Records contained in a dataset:
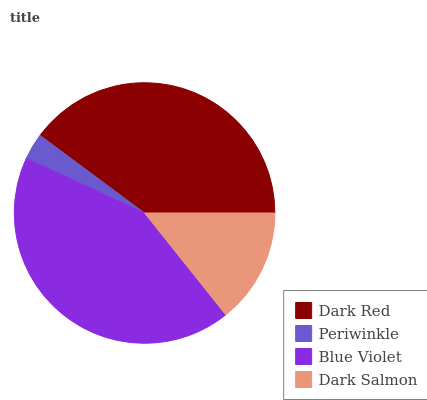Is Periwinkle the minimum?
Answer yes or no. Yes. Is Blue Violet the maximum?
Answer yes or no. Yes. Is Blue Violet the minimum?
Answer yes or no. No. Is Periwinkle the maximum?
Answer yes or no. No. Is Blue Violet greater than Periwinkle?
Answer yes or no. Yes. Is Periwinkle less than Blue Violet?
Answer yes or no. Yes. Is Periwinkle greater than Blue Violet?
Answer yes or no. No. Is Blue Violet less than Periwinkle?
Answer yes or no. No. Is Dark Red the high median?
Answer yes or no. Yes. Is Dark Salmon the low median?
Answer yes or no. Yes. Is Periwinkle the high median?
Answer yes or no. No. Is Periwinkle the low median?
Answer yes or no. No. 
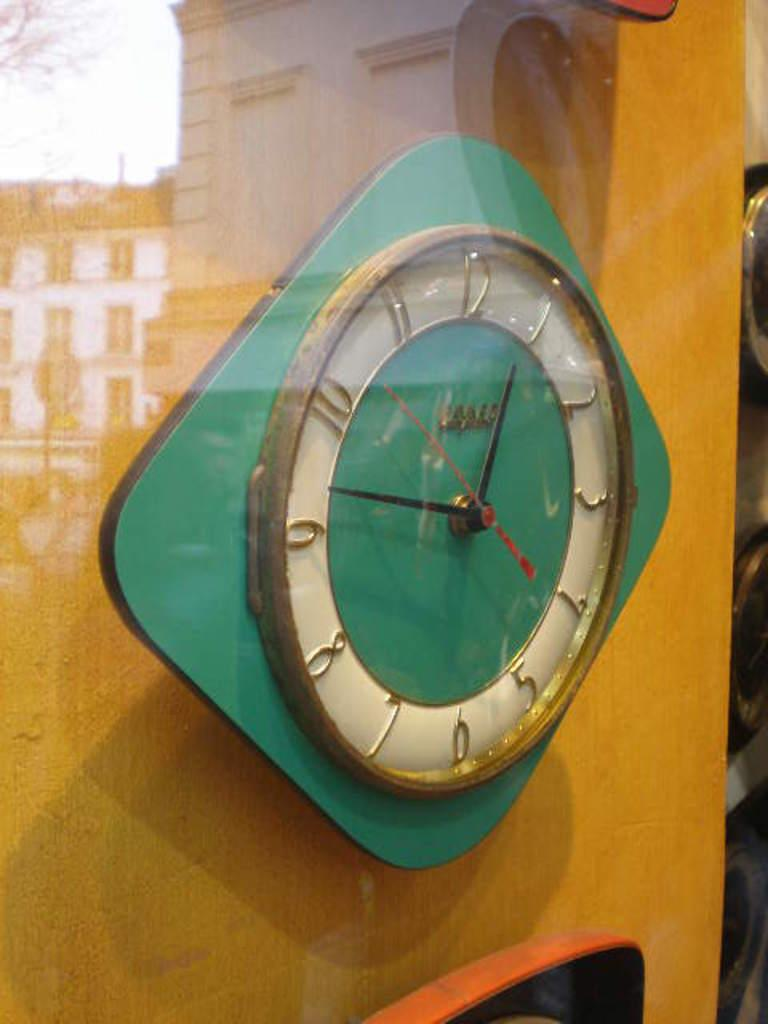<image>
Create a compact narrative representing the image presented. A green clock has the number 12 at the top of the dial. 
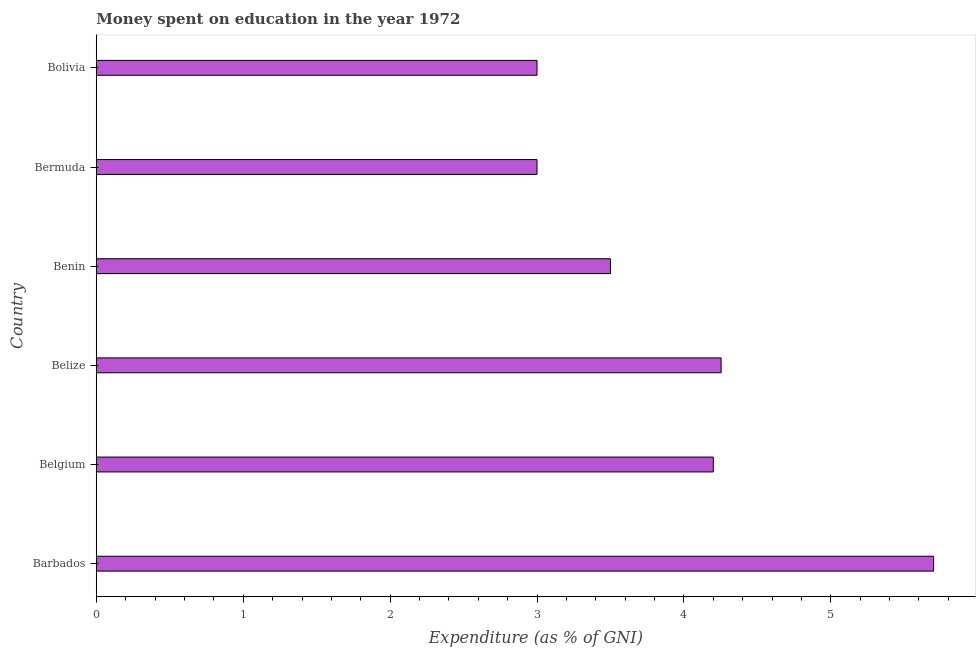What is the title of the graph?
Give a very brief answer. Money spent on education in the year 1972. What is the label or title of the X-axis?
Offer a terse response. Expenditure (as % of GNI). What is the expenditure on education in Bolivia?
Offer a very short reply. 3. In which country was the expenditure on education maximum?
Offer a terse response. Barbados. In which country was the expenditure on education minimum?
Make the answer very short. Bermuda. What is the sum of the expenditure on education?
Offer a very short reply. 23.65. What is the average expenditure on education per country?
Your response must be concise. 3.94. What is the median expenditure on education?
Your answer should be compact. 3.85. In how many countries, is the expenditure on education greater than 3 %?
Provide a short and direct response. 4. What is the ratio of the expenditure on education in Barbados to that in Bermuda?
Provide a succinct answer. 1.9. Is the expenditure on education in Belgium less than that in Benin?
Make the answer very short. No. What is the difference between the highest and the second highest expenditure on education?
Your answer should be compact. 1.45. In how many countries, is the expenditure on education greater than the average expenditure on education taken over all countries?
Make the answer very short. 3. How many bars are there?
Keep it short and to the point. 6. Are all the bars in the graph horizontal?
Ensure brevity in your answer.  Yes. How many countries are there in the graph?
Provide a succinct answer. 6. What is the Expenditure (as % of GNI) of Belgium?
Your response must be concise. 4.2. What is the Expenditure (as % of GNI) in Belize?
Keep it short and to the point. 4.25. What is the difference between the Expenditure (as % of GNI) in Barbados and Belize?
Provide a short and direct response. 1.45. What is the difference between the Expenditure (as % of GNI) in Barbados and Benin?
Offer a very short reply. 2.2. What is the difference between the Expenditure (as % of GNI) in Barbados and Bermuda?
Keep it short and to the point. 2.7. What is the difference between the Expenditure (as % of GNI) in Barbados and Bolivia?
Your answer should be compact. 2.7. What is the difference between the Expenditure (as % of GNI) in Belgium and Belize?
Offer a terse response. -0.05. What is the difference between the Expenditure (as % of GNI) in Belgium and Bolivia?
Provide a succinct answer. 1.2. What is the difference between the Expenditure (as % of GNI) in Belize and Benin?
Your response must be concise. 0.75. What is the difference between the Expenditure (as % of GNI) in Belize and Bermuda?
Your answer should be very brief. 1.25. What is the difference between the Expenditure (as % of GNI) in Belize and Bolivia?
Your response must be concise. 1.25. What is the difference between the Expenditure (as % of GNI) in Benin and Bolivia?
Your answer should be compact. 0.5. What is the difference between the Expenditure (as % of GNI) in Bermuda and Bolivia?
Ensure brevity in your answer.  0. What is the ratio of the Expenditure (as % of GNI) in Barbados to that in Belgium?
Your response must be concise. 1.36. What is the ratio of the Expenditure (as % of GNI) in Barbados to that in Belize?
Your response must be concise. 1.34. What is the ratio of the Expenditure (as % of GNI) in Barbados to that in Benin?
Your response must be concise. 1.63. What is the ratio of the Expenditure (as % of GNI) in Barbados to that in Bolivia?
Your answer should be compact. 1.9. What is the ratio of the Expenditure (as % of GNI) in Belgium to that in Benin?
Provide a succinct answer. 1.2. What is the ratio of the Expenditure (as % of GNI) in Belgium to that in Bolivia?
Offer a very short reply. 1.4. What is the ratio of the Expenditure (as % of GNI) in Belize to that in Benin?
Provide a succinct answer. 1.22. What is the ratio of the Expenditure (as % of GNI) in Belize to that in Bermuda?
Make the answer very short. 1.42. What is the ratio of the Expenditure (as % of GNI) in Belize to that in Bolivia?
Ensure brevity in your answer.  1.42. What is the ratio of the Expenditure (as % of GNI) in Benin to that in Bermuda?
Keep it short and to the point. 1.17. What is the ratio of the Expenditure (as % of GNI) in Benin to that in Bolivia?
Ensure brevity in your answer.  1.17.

* [TASK ITEM]:
Filter the entries down to the lines that hold "which". Copy those lines.

* [OUTPUT BELOW]:
Offer a very short reply. 3. In which country was the expenditure on education maximum?
Offer a terse response. Barbados. In which country was the expenditure on education minimum?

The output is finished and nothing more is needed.